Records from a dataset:
────────────────

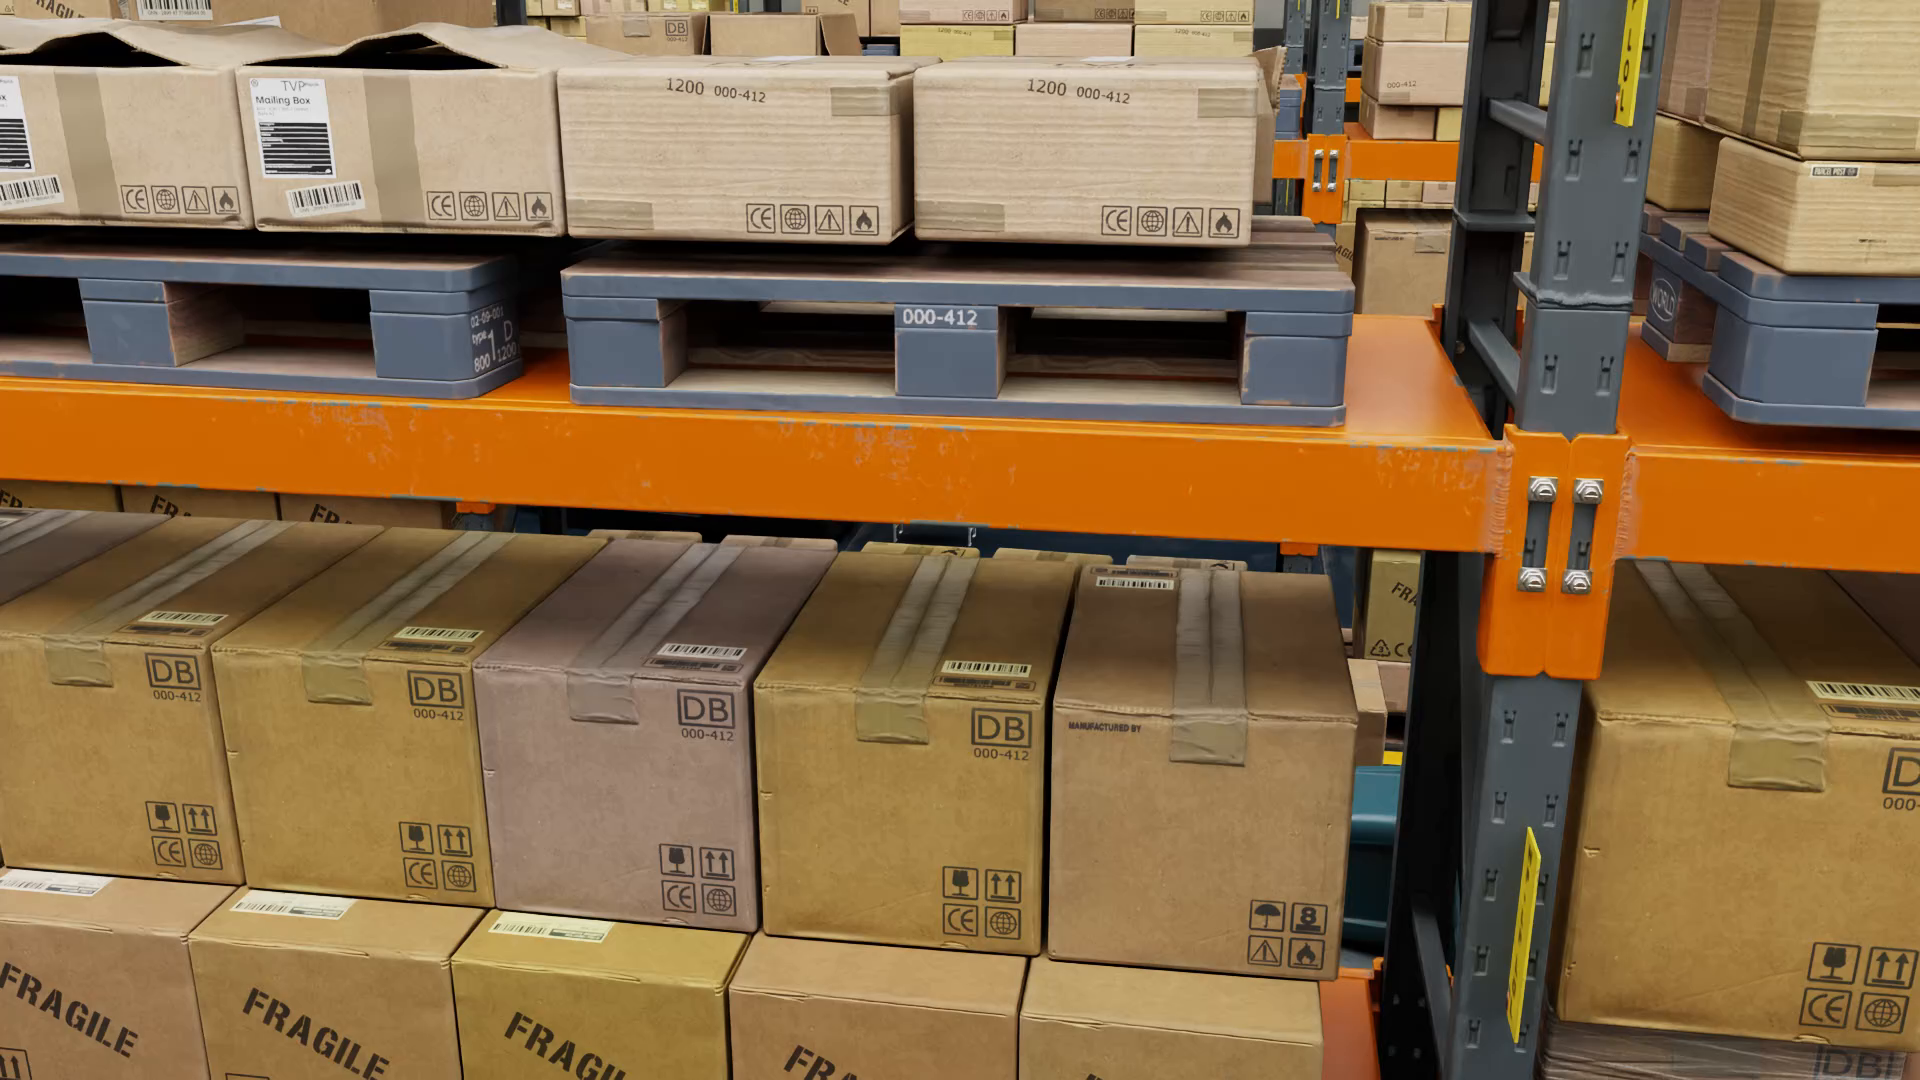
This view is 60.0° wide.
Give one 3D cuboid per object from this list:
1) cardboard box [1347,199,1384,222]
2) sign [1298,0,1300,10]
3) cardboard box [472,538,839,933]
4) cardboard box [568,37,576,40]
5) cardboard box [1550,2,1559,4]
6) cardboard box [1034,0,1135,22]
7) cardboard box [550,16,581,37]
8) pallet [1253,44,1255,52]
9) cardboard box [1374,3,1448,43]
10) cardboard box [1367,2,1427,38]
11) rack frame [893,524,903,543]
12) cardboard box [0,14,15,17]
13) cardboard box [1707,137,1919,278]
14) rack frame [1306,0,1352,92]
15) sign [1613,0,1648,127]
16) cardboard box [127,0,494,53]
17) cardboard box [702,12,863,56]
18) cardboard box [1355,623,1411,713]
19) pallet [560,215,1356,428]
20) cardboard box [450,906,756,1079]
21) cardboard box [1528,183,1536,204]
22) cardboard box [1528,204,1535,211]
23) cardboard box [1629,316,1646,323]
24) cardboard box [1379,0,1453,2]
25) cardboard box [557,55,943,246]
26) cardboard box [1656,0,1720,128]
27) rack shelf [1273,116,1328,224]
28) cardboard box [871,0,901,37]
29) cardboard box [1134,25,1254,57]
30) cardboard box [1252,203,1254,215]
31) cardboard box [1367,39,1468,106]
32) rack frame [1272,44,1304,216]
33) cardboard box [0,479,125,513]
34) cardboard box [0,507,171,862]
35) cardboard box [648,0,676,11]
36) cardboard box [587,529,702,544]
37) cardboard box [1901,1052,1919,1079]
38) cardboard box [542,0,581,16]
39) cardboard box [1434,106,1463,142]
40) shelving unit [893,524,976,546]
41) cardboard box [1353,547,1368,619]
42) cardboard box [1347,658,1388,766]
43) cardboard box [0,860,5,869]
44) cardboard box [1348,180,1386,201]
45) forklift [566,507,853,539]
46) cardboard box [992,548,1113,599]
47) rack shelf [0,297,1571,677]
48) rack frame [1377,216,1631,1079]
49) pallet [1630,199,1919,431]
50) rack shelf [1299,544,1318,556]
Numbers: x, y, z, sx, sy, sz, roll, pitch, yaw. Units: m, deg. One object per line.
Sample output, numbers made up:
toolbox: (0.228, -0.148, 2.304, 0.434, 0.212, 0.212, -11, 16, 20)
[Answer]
cardboard box: (2.940, -2.406, 12.088, 0.250, 0.149, 0.380, 3, 19, 10)
sign: (2.334, -3.809, 11.421, 0.005, 0.325, 0.100, 3, 19, 9)
cardboard box: (-0.556, 0.353, 3.287, 0.500, 0.500, 0.700, 3, 19, 9)
cardboard box: (-3.074, -3.715, 12.688, 0.500, 0.250, 0.500, 3, 19, 9)
cardboard box: (2.763, -2.339, 7.478, 0.250, 0.149, 0.380, 3, 19, 10)
cardboard box: (0.620, -2.572, 7.821, 0.500, 0.250, 0.500, 3, 19, 7)
cardboard box: (-2.926, -3.914, 12.654, 0.250, 0.149, 0.380, 3, 19, 9)
pallet: (1.538, -3.534, 12.213, 1.217, 0.209, 0.805, 2, 19, 6)
cardboard box: (1.887, -2.170, 6.974, 0.250, 0.149, 0.380, 3, 19, 8)
cardboard box: (1.975, -2.341, 7.484, 0.250, 0.149, 0.380, 3, 19, 10)
rack frame: (-0.404, -0.590, 10.674, 0.015, 1.200, 0.240, 3, 19, 9)
cardboard box: (-7.520, -4.083, 13.319, 0.500, 0.250, 0.500, 3, 19, 8)
cardboard box: (1.247, -0.476, 2.348, 0.250, 0.149, 0.380, 3, 19, 8)
rack frame: (1.627, -3.452, 6.938, 0.127, 3.000, 1.000, 3, 19, 9)
sign: (0.865, -0.698, 2.123, 0.005, 0.325, 0.100, 3, 19, 9)
cardboard box: (-1.247, -0.969, 3.268, 0.500, 0.500, 0.500, 3, 19, 9)
cardboard box: (-0.812, -2.212, 7.797, 0.637, 0.503, 0.797, 3, 19, 9)
cardboard box: (2.167, 0.612, 7.918, 0.500, 0.250, 0.500, 2, 19, 6)
pallet: (0.029, -0.414, 2.886, 1.217, 0.209, 0.805, 2, 19, 6)
cardboard box: (-0.614, 0.908, 3.204, 0.500, 0.500, 0.500, 3, 19, 9)
cardboard box: (3.963, -2.509, 11.927, 0.250, 0.149, 0.380, 3, 19, 8)
cardboard box: (3.943, -2.345, 11.906, 0.250, 0.149, 0.380, 2, 19, 7)
cardboard box: (3.020, -1.113, 7.201, 0.500, 0.500, 0.700, 3, 19, 7)
cardboard box: (3.194, -3.671, 11.641, 0.500, 0.311, 0.500, 3, 19, 10)
cardboard box: (-0.312, -0.642, 2.685, 0.500, 0.250, 0.500, 3, 19, 8)
cardboard box: (1.469, -0.846, 2.825, 0.500, 0.250, 0.500, 3, 19, 8)
rack shelf: (-0.347, -1.789, 7.829, 4.000, 0.370, 1.077, 3, 19, 9)
cardboard box: (-0.348, -3.973, 12.246, 0.500, 0.500, 0.700, 3, 19, 8)
cardboard box: (1.028, -2.142, 7.323, 0.500, 0.250, 0.500, 3, 19, 8)
cardboard box: (2.038, -2.465, 12.263, 0.250, 0.149, 0.380, 4, 19, 11)
cardboard box: (2.018, -1.992, 7.068, 0.500, 0.250, 0.500, 3, 19, 7)
rack frame: (2.411, -2.162, 12.538, 0.127, 3.000, 1.000, 3, 19, 9)
cardboard box: (-4.754, -0.152, 9.217, 0.875, 0.875, 0.875, 3, 19, 10)
cardboard box: (-2.066, 0.277, 3.516, 0.500, 0.500, 0.700, 3, 19, 8)
cardboard box: (-2.168, -4.016, 12.491, 0.250, 0.149, 0.380, 2, 19, 7)
cardboard box: (-1.766, 0.270, 8.748, 0.625, 0.372, 0.950, 2, 19, 5)
cardboard box: (1.855, 0.913, 3.110, 0.550, 0.550, 0.875, 3, 19, 9)
cardboard box: (-2.957, -4.023, 12.511, 0.250, 0.149, 0.380, 3, 19, 7)
cardboard box: (2.145, -1.786, 7.083, 0.250, 0.149, 0.380, 3, 19, 9)
shelving unit: (-0.163, -0.577, 10.638, 0.503, 1.200, 0.258, 3, 19, 9)
cardboard box: (2.254, 0.088, 8.303, 0.500, 0.500, 0.500, 3, 19, 8)
cardboard box: (1.375, 0.778, 6.495, 0.500, 0.500, 0.500, 3, 19, 9)
cardboard box: (-2.105, 0.832, 3.432, 0.500, 0.500, 0.500, 3, 19, 8)
cardboard box: (2.954, -2.570, 12.108, 0.250, 0.149, 0.380, 3, 19, 9)
forklift: (-2.114, -1.614, 11.007, 3.031, 2.935, 1.130, 6, 19, 16)
cardboard box: (0.399, 0.379, 8.422, 0.625, 0.372, 0.950, 4, 19, 12)
rack shelf: (-1.033, -0.233, 3.179, 4.000, 0.370, 1.077, 3, 19, 9)
rack frame: (0.942, 0.949, 3.240, 0.127, 3.000, 1.000, 3, 19, 9)
pallet: (1.748, -0.387, 2.645, 1.213, 0.211, 1.003, 3, 19, 9)
rack shelf: (3.602, -0.165, 7.703, 4.000, 0.370, 1.077, 3, 19, 9)
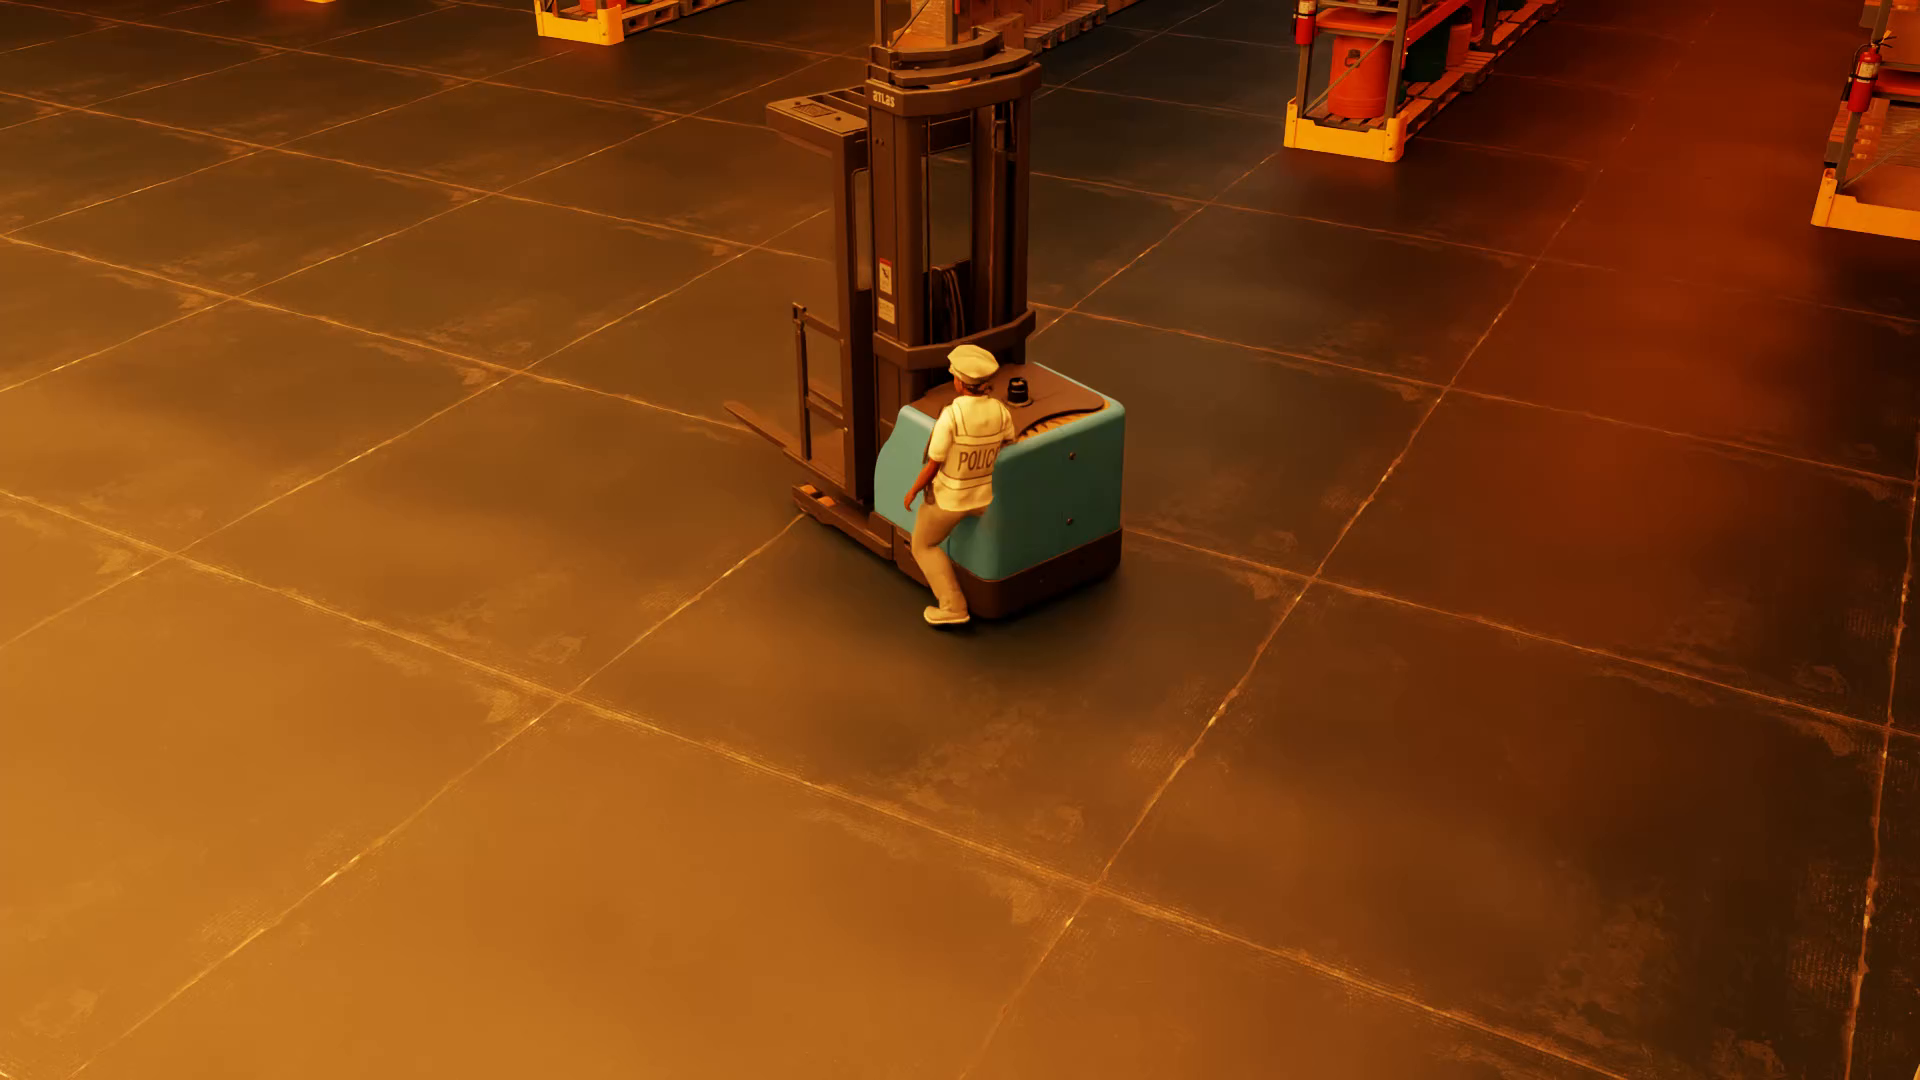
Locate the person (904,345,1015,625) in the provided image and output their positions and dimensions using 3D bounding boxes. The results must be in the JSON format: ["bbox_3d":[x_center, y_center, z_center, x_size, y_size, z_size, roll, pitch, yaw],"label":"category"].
[{"bbox_3d":[0.002,-0.310,8.916,0.654,1.614,0.575,-18,35,-28],"label":"person"}]

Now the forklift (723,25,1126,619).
[{"bbox_3d":[-0.382,-1.507,9.682,1.130,2.935,3.031,-22,37,-33],"label":"forklift"}]
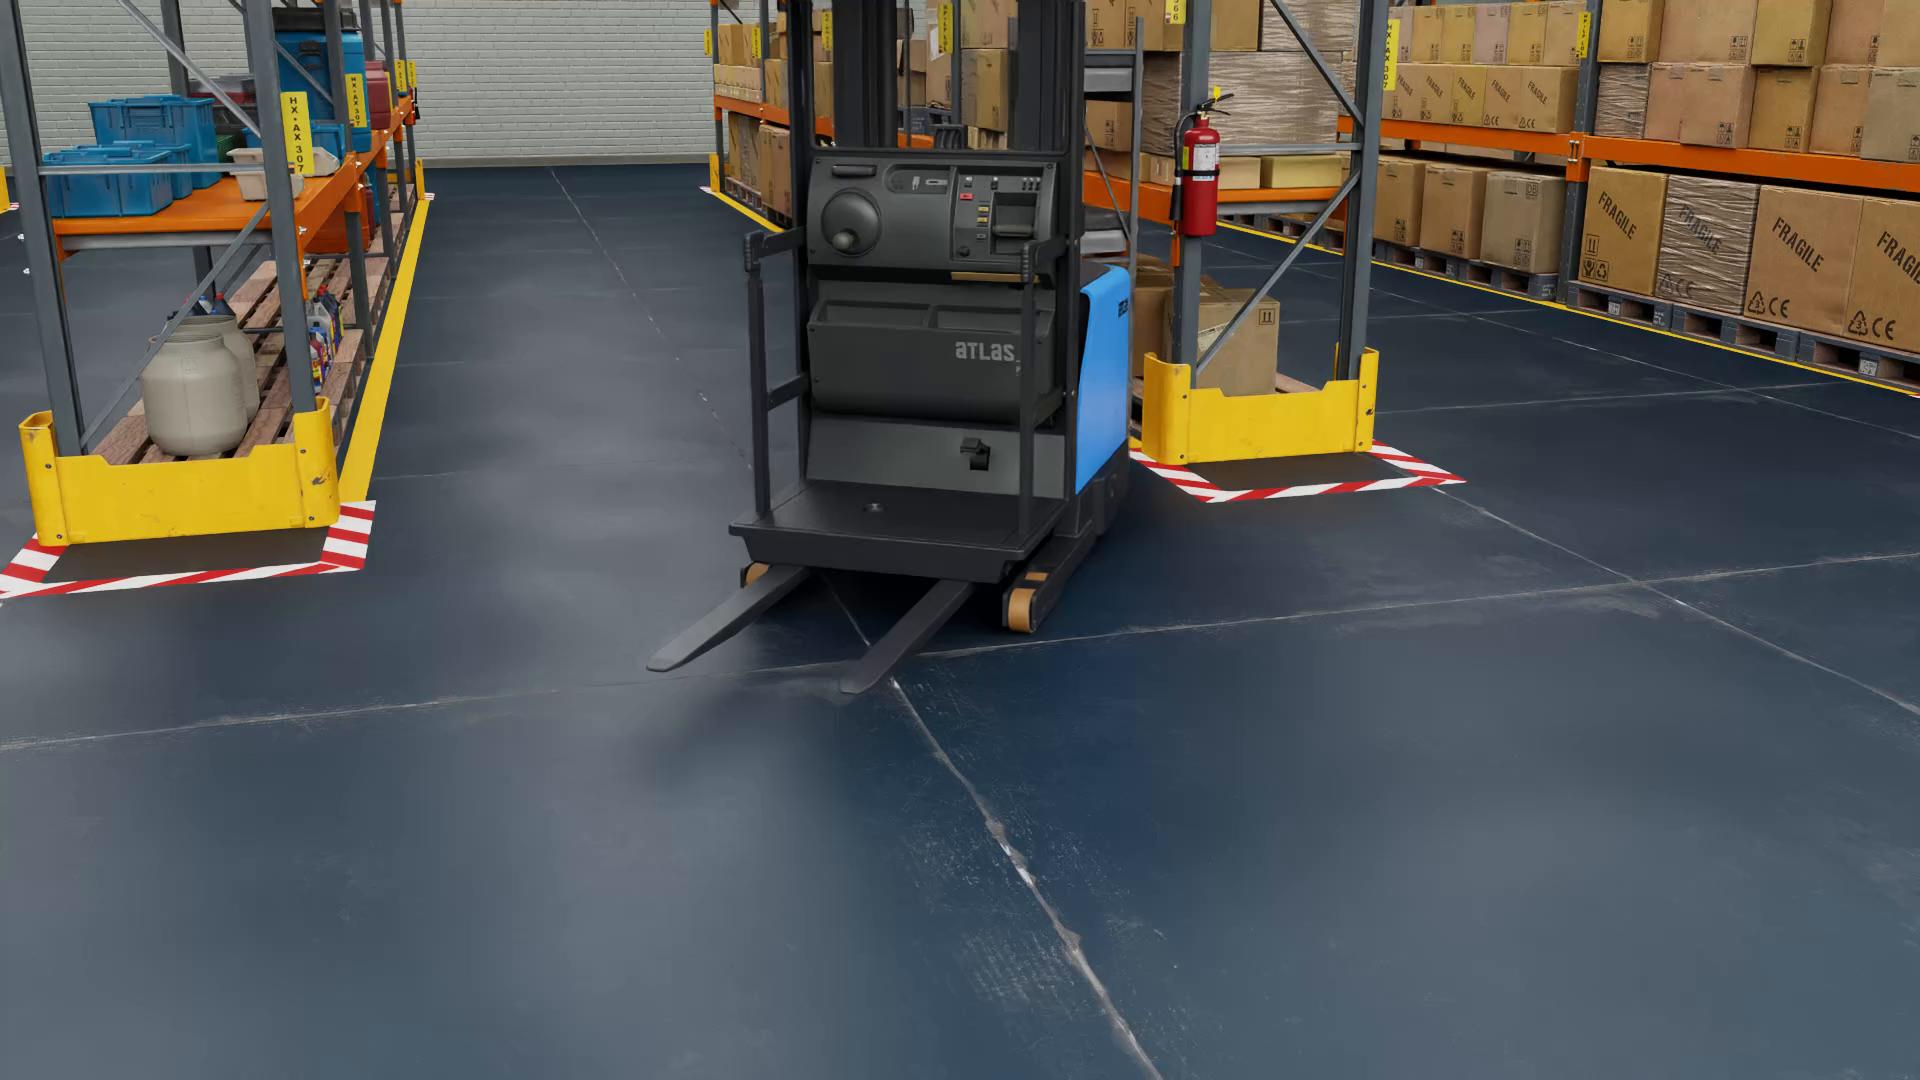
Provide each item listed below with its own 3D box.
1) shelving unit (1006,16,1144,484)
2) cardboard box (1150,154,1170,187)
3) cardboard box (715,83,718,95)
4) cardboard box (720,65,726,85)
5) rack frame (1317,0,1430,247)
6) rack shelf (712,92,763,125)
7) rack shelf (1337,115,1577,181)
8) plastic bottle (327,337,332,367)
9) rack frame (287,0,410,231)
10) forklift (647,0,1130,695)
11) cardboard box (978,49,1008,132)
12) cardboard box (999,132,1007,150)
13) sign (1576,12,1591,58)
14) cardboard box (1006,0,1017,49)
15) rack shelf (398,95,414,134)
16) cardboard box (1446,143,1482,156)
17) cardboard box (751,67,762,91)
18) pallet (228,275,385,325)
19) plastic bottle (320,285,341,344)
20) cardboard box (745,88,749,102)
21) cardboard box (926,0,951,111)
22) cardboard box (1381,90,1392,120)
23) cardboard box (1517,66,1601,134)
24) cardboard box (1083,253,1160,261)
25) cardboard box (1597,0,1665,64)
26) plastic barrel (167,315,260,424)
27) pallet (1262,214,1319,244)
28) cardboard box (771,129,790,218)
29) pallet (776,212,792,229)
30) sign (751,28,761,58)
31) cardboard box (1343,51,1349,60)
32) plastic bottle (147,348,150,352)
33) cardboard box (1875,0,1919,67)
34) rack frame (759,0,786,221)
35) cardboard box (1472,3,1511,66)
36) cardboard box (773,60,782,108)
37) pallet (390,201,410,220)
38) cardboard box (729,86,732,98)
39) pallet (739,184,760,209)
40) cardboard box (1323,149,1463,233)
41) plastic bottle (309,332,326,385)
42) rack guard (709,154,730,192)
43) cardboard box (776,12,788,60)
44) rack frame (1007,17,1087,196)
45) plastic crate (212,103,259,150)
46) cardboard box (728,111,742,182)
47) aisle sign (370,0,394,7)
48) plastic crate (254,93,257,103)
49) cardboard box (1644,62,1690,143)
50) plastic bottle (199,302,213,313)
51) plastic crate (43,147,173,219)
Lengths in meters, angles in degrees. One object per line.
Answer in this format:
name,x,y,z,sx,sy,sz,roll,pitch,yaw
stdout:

────────────────

TRY IT:
Counting only lines that hold "bottle", state how many appear in the records, and give nothing but the number.

RESPONSE BELOW:
5